Наверное, стоит делать лицо чуть менее страшным.
– Опять купился.
– Бля! Завязывай со своими шутками!
– Ладно-ладно. Посмотри-ка лучше, что с нашего усопшего товарища можно снять.
– Сняли уже все. Вообще чистый.
– Хм, не думаю, что Ткачу мог понадобиться второй «АКМ».
– Значит, и Балаган с ним. Вот гниды, – Сиплый сплюнул и, закрыв Гейгеру глаза, поднялся.
– Одного не пойму – как же они вдвоем думают центнер наркоты отсюда упереть?
– Балаган сумеет. Эта жадная скотина жопу порвет от натуги, но будет тащить.
– Жопу, говоришь? Считаю, мы просто обязаны помочь ему в столь богоугодном деле.
– Постой. А с Гейгером-то что? Не оставлять же собакам.
– Я не голоден.
Сиплый бросил на меня испепеляющий взгляд, поскакал вокруг трупа, но, так и не придумав способа уберечь тело товарища от переработки в собачий кал, пошкандыбал следом.
– Все же что-то здесь не так, – заключил он, когда мы в конце аллеи свернули налево, возле развалин собора, не доходя метров пятидесяти до покосившихся кованых ворот парка на противоположной стороне забитой машинами улицы. – Не вяжется.
– Поясни.
– Если б Ткач планировал нас кинуть, то зачем он тротил отдал Гейгеру? Мало ли какая случайность, и тю-тю героинчик.
– Не вижу ничего удивительного. Люди склонны к пересмотру планов и взглядов на жизнь. Тем более я сам предложил ему избавиться от лишних ртов.
– Что?!
– Ну, немного в другом составе, конечно. Не переживай, тебя из списка пайщиков исключать не собирались. А вот Гейгера – да, вместе с Балаганом. Но Ткач, похоже, скорректировал предложенный мною вариант.
– Вот суки, все вы, до одного.
– Не надо из себя целку строить, Сиплый. Никто в здравом рассудке не станет делить на пять, когда можно поделить на два.
– Или не делить совсем, – прищурился медик.
– Расслабься, я редко убиваю друзей, особенно полезных.
– Да уж…
– Тихо! Вниз!
Мы присели, скрывшись за кустами и остатками кирпичного забора, некогда отгораживавшего собор от нерадивой паствы.
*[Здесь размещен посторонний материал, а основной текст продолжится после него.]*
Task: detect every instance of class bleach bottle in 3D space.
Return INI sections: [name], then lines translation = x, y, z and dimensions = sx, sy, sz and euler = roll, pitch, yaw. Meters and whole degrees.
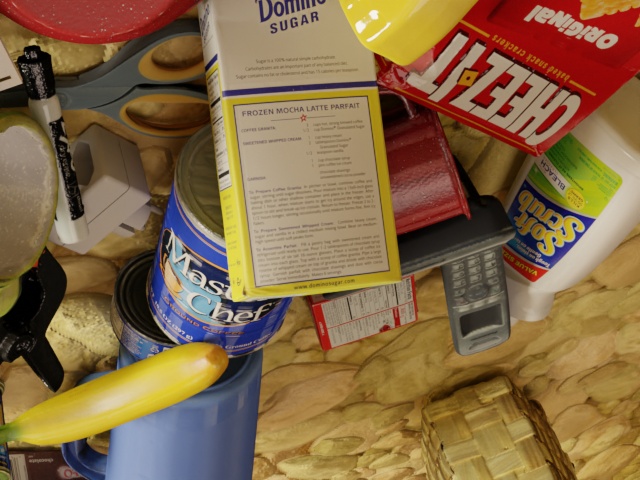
[bleach bottle]
translation = 0.186, -0.010, 0.815
dimensions = 0.068, 0.103, 0.251
euler = -24, 151, -31

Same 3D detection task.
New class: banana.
[banana]
translation = -0.134, 0.108, 0.727
dimensions = 0.198, 0.037, 0.069
euler = -23, -177, 21

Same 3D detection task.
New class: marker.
[marker]
translation = -0.154, -0.054, 0.614
dimensions = 0.020, 0.020, 0.121
euler = -12, 121, -11

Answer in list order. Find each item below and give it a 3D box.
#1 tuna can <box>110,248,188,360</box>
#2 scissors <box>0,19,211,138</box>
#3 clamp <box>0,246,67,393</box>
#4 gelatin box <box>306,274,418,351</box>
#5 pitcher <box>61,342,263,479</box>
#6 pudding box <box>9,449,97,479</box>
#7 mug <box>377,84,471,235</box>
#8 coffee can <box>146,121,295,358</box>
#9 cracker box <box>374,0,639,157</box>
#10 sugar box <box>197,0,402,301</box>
[tuna can]
translation = -0.107, 0.048, 0.767
dimensions = 0.086, 0.086, 0.034
euler = -3, 143, -22
[scissors]
translation = -0.140, -0.098, 0.617
dimensions = 0.201, 0.016, 0.096
euler = 6, 136, -31
[clamp]
translation = -0.198, 0.060, 0.693
dimensions = 0.120, 0.039, 0.172
euler = -29, 151, -59
[gelatin box]
translation = 0.035, 0.050, 0.885
dimensions = 0.089, 0.030, 0.073
euler = -18, 143, -3
[pitcher]
translation = -0.123, 0.153, 0.878
dimensions = 0.149, 0.145, 0.243
euler = -18, 143, -25
[pudding box]
translation = -0.271, 0.227, 0.968
dimensions = 0.113, 0.039, 0.090
euler = 7, 137, -32
[mug]
translation = 0.044, -0.054, 0.707
dimensions = 0.081, 0.093, 0.117
euler = -19, 131, 7
[coffee can]
translation = -0.055, 0.001, 0.700
dimensions = 0.102, 0.103, 0.140
euler = -5, 149, -20
[cracker box]
translation = 0.147, -0.156, 0.628
dimensions = 0.163, 0.072, 0.214
euler = 17, 131, -40
[sugar box]
translation = -0.013, -0.058, 0.603
dimensions = 0.093, 0.176, 0.048
euler = -5, 175, -17
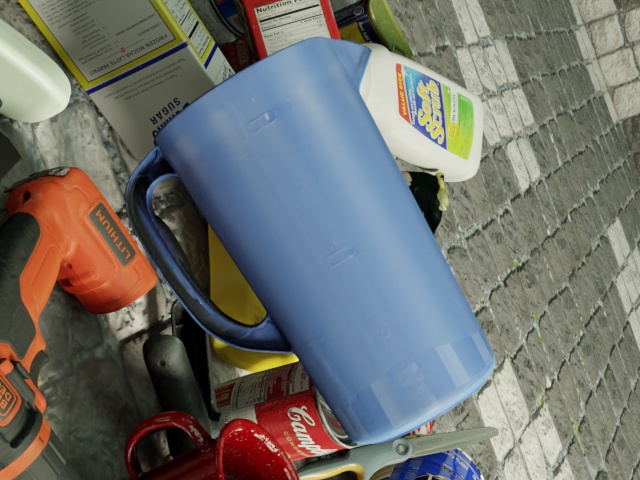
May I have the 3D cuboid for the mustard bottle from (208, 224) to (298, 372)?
[{"bbox_3d":[-0.056,0.001,0.837,0.096,0.058,0.191,46,34,-58],"label":"mustard bottle"}]

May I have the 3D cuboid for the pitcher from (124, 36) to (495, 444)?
[{"bbox_3d":[-0.001,0.008,0.682,0.144,0.149,0.243,-30,89,-46],"label":"pitcher"}]

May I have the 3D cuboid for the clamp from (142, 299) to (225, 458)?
[{"bbox_3d":[-0.082,0.120,0.710,0.120,0.039,0.171,-71,155,-70],"label":"clamp"}]

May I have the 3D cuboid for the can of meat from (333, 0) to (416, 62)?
[{"bbox_3d":[0.043,-0.202,1.138,0.102,0.084,0.057,59,28,-23],"label":"can of meat"}]

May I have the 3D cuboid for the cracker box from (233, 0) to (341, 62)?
[{"bbox_3d":[-0.013,-0.118,0.849,0.164,0.072,0.214,81,-7,-77],"label":"cracker box"}]

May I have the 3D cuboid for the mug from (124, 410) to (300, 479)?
[{"bbox_3d":[-0.070,0.152,0.615,0.117,0.082,0.093,57,20,-13],"label":"mug"}]

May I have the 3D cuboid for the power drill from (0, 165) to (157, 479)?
[{"bbox_3d":[-0.157,0.060,0.607,0.184,0.057,0.187,61,27,-27],"label":"power drill"}]

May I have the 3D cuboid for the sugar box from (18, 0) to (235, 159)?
[{"bbox_3d":[-0.137,-0.149,0.744,0.176,0.093,0.048,56,28,-30],"label":"sugar box"}]

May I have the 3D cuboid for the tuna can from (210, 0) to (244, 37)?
[{"bbox_3d":[-0.071,-0.235,0.996,0.086,0.034,0.086,41,39,-45],"label":"tuna can"}]

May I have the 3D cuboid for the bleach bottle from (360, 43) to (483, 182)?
[{"bbox_3d":[0.078,-0.128,1.055,0.250,0.068,0.102,12,83,-55],"label":"bleach bottle"}]

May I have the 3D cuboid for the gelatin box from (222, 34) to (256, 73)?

– Что там? – прошептал Сиплый, прилипнув щекой к прикладу.
– На полдвенадцатого. Третий этаж.
– Ничего не вижу.
– Я тоже. Зато слышу.
В руинах, через дорогу, кто-то скрипел зубами и стонал, негромко, но вполне различимо.
– Слышишь?!
Вдруг стоны смолкли, и через мгновение лязгнул металл.
– Ложись!
Пулеметная очередь превратила кирпич в пыль, осевшую нам на спины. Промедли я секунду, и она припорошила бы расплесканные по земле мозги.
– Балаган, сука! – заорал медик, поспешно стряхивая с себя белое крошево. – Потроха тебе в узел завяжу!!!
– Сиплый?! – раздалось с противоположной стороны.
– Смотри-ка, не ждал, – заметил я, отползая в сторонку. – Продолжай базарить. Меня не упоминай.
– Ты что творишь?! Совсем охуел?! – прислушался к совету медик.
– Я думал… это Ткач! – ответил Балаган не особо бодрым голосом. – Сиплый, черт, помоги! Мне хреново!